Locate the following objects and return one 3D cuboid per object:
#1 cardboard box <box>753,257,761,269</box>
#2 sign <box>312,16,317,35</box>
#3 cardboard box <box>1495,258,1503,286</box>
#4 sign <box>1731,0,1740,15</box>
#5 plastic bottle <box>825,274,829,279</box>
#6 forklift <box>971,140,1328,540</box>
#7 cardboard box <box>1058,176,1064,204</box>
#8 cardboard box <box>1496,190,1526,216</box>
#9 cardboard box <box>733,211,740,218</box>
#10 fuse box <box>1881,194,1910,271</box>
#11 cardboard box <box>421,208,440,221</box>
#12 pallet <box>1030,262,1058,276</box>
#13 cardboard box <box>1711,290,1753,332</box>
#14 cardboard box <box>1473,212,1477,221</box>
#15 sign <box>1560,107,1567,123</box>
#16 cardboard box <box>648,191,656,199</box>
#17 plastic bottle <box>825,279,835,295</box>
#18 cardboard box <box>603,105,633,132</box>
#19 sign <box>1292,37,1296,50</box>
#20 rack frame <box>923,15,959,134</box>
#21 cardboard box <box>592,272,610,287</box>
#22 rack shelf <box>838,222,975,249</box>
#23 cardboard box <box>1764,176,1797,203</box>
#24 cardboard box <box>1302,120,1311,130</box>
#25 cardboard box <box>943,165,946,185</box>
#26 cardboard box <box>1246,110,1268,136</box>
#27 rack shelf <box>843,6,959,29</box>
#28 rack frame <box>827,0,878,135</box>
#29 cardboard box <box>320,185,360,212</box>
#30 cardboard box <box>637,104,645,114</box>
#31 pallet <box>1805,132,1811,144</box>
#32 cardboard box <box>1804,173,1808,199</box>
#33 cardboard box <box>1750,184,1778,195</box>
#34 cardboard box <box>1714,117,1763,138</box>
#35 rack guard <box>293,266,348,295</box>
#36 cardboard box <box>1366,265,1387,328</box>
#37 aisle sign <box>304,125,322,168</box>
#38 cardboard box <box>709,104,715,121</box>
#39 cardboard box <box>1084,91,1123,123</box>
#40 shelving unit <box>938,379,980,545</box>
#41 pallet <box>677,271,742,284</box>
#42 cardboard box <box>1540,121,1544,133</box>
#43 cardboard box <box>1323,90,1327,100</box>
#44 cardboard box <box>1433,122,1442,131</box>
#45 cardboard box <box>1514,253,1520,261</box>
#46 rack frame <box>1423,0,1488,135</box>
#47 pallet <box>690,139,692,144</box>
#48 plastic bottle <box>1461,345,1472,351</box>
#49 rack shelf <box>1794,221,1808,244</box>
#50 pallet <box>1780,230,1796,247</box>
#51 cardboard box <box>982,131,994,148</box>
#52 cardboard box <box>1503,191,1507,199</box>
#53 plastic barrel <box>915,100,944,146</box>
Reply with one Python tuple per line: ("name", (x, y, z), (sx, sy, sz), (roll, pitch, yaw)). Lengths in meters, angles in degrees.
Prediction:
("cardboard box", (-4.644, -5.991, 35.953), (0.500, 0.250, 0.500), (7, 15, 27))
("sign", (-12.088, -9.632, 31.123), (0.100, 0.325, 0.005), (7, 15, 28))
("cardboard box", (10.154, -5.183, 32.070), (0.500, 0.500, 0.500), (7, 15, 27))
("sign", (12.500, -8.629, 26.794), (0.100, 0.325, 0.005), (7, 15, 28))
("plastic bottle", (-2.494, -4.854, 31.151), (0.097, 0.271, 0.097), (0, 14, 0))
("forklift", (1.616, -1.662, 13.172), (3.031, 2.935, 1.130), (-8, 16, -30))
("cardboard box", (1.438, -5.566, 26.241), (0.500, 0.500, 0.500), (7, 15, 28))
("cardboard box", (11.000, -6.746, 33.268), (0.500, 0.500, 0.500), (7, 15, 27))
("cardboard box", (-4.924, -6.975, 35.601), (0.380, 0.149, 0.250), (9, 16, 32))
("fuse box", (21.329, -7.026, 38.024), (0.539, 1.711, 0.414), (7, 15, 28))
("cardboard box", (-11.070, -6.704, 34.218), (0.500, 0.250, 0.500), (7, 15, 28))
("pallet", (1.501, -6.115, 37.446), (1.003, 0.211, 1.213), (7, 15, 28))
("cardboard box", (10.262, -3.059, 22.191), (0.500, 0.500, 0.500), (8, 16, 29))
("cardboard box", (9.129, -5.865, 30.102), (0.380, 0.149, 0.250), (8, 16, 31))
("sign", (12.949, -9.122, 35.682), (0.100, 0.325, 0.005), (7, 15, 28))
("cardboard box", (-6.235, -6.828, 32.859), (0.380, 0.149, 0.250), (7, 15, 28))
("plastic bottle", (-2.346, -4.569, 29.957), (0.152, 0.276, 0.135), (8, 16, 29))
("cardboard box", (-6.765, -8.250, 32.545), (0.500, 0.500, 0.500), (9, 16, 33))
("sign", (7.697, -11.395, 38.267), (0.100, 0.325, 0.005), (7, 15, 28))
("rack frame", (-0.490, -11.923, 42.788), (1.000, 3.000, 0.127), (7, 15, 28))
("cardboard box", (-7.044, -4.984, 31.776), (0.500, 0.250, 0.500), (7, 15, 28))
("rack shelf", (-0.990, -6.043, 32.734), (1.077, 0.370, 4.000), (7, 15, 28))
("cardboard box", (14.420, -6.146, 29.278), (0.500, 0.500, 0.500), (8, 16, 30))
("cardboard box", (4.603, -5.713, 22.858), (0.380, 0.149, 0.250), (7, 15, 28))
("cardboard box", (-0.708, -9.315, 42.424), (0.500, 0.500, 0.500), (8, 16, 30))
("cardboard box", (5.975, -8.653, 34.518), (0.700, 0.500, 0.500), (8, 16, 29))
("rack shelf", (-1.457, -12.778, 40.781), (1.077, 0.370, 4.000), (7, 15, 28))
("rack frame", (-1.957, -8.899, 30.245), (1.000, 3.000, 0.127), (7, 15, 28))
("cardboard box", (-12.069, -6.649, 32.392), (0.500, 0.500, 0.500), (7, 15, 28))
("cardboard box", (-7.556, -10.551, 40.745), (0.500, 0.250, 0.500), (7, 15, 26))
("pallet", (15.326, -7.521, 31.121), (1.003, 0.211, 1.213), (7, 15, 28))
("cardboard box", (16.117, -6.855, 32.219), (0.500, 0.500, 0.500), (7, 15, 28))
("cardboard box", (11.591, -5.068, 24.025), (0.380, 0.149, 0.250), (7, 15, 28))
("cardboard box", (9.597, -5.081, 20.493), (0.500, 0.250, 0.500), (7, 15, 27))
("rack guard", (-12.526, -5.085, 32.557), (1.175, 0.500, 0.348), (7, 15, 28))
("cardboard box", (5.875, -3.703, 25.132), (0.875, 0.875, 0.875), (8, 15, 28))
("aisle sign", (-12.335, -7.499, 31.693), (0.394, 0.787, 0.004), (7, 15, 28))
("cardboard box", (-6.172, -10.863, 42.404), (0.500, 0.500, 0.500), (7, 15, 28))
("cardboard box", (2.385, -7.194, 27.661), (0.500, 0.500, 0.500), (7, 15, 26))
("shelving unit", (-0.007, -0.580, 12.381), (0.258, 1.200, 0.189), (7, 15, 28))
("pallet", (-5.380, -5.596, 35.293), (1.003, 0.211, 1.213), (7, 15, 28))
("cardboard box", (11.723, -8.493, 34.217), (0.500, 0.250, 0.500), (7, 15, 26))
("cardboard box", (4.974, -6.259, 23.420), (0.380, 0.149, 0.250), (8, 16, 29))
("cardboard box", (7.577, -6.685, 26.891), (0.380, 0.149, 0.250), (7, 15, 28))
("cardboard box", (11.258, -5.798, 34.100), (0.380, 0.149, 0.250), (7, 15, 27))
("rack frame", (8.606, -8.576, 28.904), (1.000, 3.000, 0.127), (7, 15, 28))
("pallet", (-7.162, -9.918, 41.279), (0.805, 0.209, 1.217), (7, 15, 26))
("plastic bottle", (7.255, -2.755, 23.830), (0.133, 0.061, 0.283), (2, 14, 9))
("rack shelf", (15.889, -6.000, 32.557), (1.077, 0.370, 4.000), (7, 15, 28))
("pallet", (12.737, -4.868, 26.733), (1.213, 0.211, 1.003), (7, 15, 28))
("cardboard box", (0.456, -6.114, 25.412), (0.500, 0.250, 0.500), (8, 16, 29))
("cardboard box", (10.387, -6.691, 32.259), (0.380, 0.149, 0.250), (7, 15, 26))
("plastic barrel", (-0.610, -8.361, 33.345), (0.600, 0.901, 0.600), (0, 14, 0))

▸ **ABOUT THIS TASK**
Where the listing above reaches the line that contains "#27 rack shelf <box>843,6,959,29</box>", start retyping, and finish with the line that contains "#47 pallet <box>690,139,692,144</box>"; reproduce those lines exactly and no others.

▸ **ANSWER SECTION**
#27 rack shelf <box>843,6,959,29</box>
#28 rack frame <box>827,0,878,135</box>
#29 cardboard box <box>320,185,360,212</box>
#30 cardboard box <box>637,104,645,114</box>
#31 pallet <box>1805,132,1811,144</box>
#32 cardboard box <box>1804,173,1808,199</box>
#33 cardboard box <box>1750,184,1778,195</box>
#34 cardboard box <box>1714,117,1763,138</box>
#35 rack guard <box>293,266,348,295</box>
#36 cardboard box <box>1366,265,1387,328</box>
#37 aisle sign <box>304,125,322,168</box>
#38 cardboard box <box>709,104,715,121</box>
#39 cardboard box <box>1084,91,1123,123</box>
#40 shelving unit <box>938,379,980,545</box>
#41 pallet <box>677,271,742,284</box>
#42 cardboard box <box>1540,121,1544,133</box>
#43 cardboard box <box>1323,90,1327,100</box>
#44 cardboard box <box>1433,122,1442,131</box>
#45 cardboard box <box>1514,253,1520,261</box>
#46 rack frame <box>1423,0,1488,135</box>
#47 pallet <box>690,139,692,144</box>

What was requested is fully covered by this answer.